Michael Koryta and Jeffrey David Greene offer “Calculating Route,” about a GPS that eventually takes its owners to abandoned land originally intended for real estate development before the market collapsed. Several fall victim to the strange machine before we find out what’s behind it. I was disappointed at such a mundane answer to the mystery.
“Sisters Before Misters” by Sarah Rees Brennan, Cassandra Clare and Holly Black is a tale of three witches, one of whom makes off with the trio’s single eye one day when she sees a fine hunk of man. This is clearly another story that is supposed to be funny, but falls short of the mark.
Allan Strand is dying of cancer in “Sins Like Scarlet” by Mark Morris and Rio Youers.
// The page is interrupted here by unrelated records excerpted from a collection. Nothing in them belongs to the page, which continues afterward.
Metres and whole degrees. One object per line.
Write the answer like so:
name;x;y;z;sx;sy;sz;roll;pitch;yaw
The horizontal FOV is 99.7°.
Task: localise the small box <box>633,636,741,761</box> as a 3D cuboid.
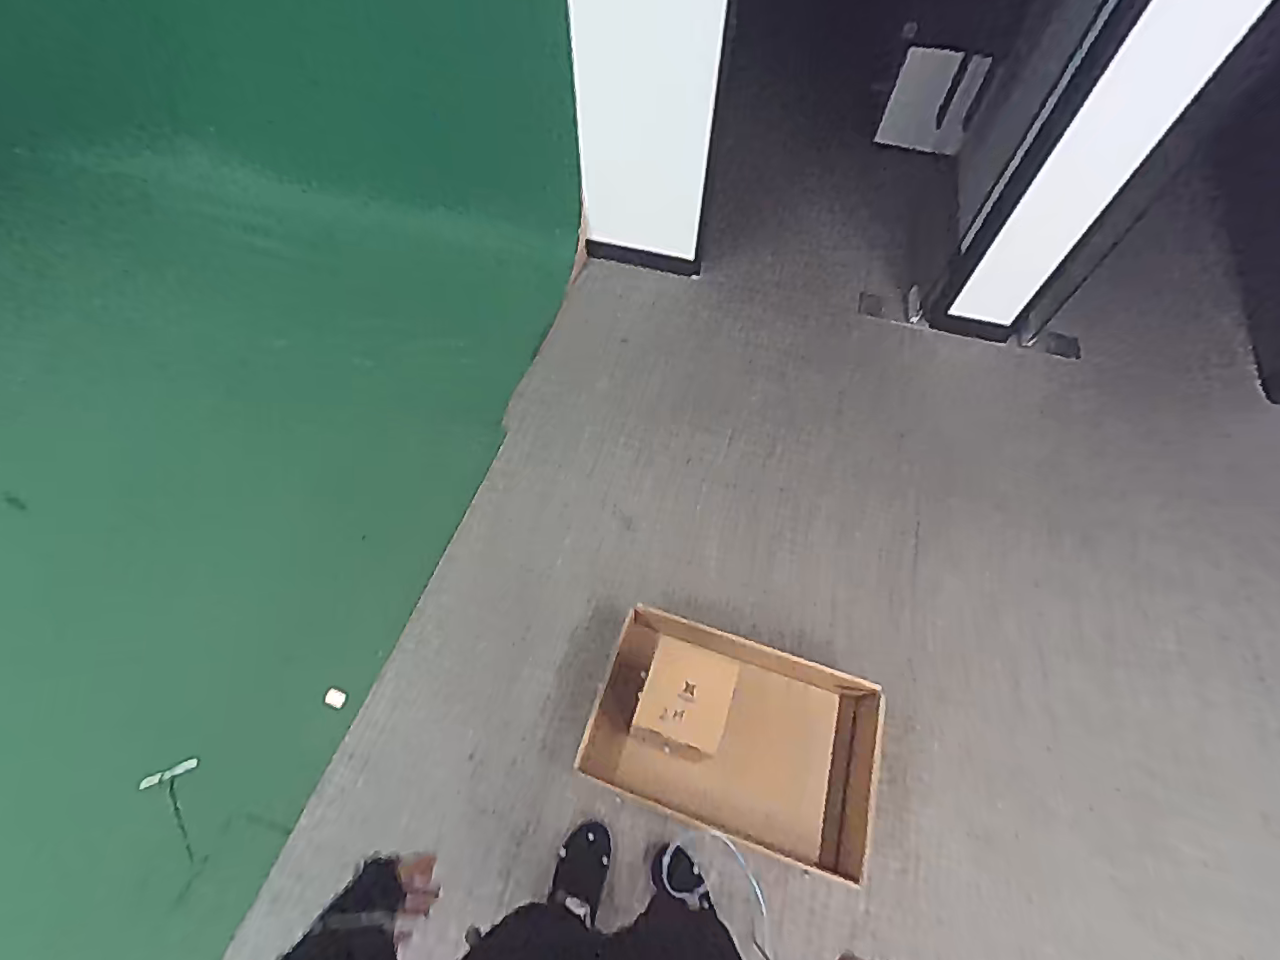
small box;0.090;0.448;1.101;0.168;0.176;0.179;19;62;11
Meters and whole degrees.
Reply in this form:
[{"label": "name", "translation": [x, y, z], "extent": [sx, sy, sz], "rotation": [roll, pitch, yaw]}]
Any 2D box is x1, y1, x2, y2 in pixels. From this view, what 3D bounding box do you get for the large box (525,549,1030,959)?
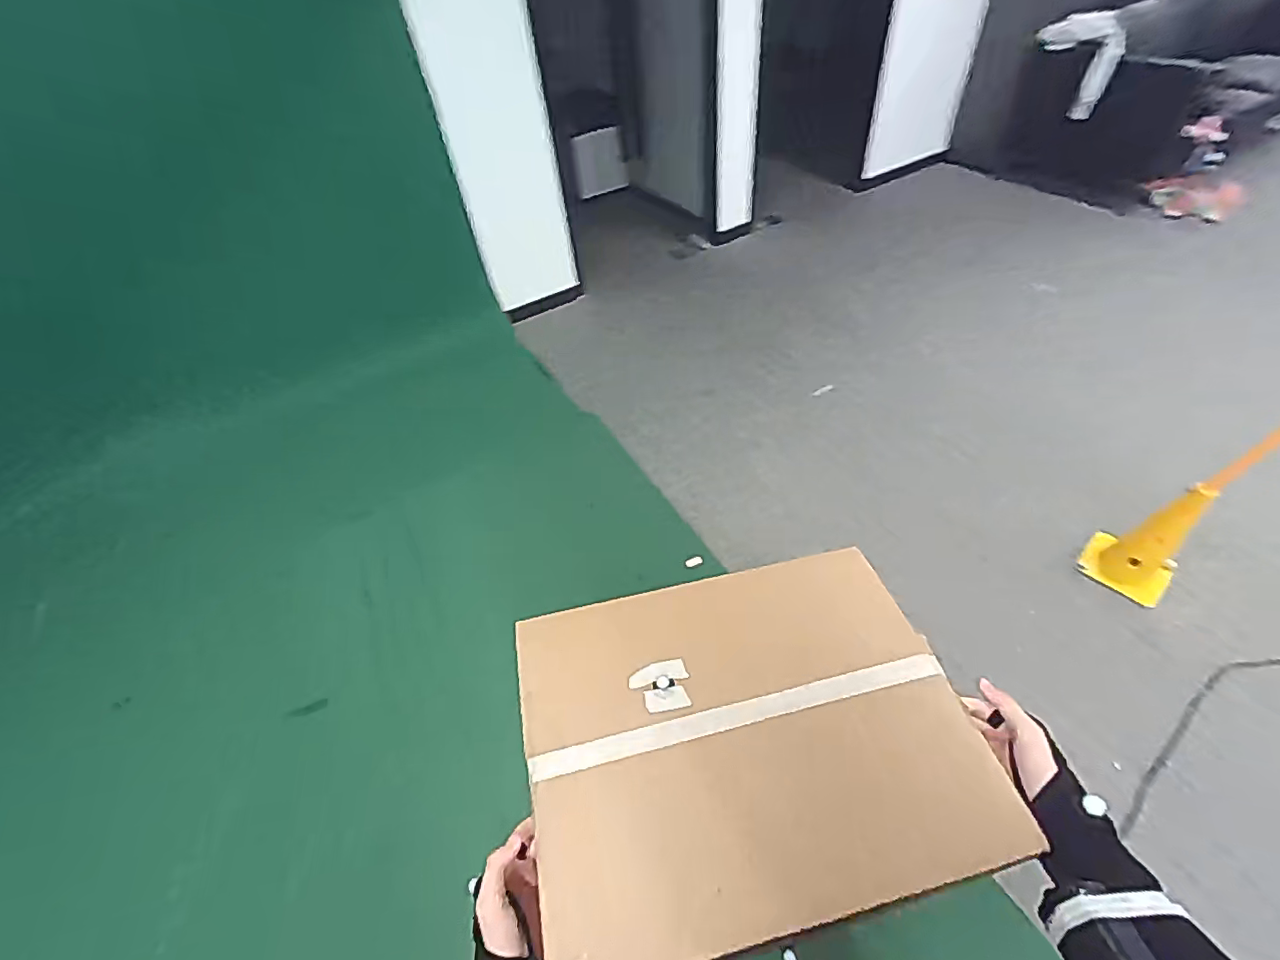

He makes it through the days only with the help of liquid morphine, which he carries in a flask. He wants to make peace with his ex-wife before he dies; their marriage had not survived the murder of their only son, who was only seven years old. Allan moved to Canada following his son’s death, but now he is traveling back to England to see Holly, because he has something important to tell her. He moves through not only a fog of pain, but a miasma of self-pity that makes the reader impatient with him instead of sympathetic. It’s a fine trick to pull off, but the authors succeed in making Allan thoroughly dislikeable. Is it because the sin he has come to confess is so dark? It is a finely wrought story, making a strong conclusion to the anthology.
Terry, thanks for the in-depth review. Some of these sound like stand-outs.